━━━ Record set
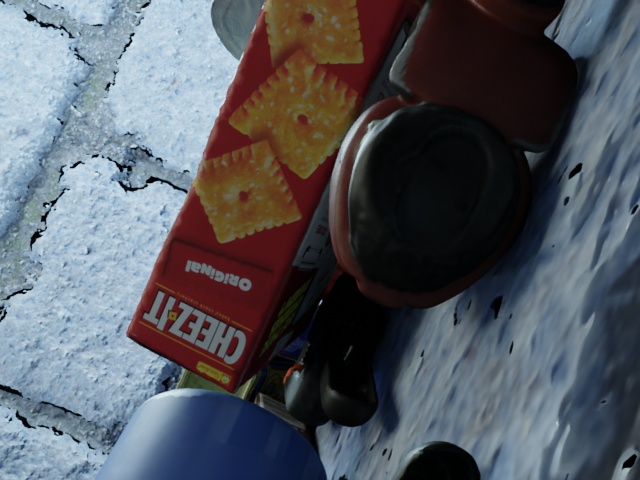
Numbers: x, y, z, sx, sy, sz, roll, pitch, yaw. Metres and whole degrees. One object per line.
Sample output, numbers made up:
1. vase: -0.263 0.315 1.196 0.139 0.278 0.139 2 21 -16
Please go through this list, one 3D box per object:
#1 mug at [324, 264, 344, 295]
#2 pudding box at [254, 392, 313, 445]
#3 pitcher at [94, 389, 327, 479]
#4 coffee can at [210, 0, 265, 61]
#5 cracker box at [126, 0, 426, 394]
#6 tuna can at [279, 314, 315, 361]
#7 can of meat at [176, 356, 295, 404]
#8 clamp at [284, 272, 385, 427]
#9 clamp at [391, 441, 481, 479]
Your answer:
1. mug: -0.005 0.001 0.738 0.117 0.081 0.093 123 170 -58
2. pudding box: -0.038 0.152 0.643 0.113 0.039 0.090 -109 42 -83
3. pitcher: -0.090 0.190 0.477 0.145 0.149 0.242 114 179 -48
4. coffee can: -0.002 -0.194 0.770 0.140 0.103 0.103 -63 3 -25
5. cracker box: -0.011 -0.043 0.569 0.214 0.072 0.164 -65 -8 10
6. tuna can: -0.027 0.054 0.715 0.086 0.086 0.034 -140 71 -84
7. can of meat: -0.059 0.114 0.735 0.102 0.057 0.083 -66 -24 1
8. clamp: 0.013 0.055 0.578 0.210 0.036 0.164 118 174 -55
9. clamp: -0.003 0.152 0.329 0.172 0.039 0.120 -60 2 32
━━━━━━
### Task:
Output the lines of the data exactly, starting at the first and ending with the line that has "#9 clamp at [391, 441, 481, 479]". Pictures are not part of it.

### Answer:
Numbers: x, y, z, sx, sy, sz, roll, pitch, yaw. Metres and whole degrees. One object per line.
Sample output, numbers made up:
1. vase: -0.263 0.315 1.196 0.139 0.278 0.139 2 21 -16
Please go through this list, one 3D box per object:
#1 mug at [324, 264, 344, 295]
#2 pudding box at [254, 392, 313, 445]
#3 pitcher at [94, 389, 327, 479]
#4 coffee can at [210, 0, 265, 61]
#5 cracker box at [126, 0, 426, 394]
#6 tuna can at [279, 314, 315, 361]
#7 can of meat at [176, 356, 295, 404]
#8 clamp at [284, 272, 385, 427]
#9 clamp at [391, 441, 481, 479]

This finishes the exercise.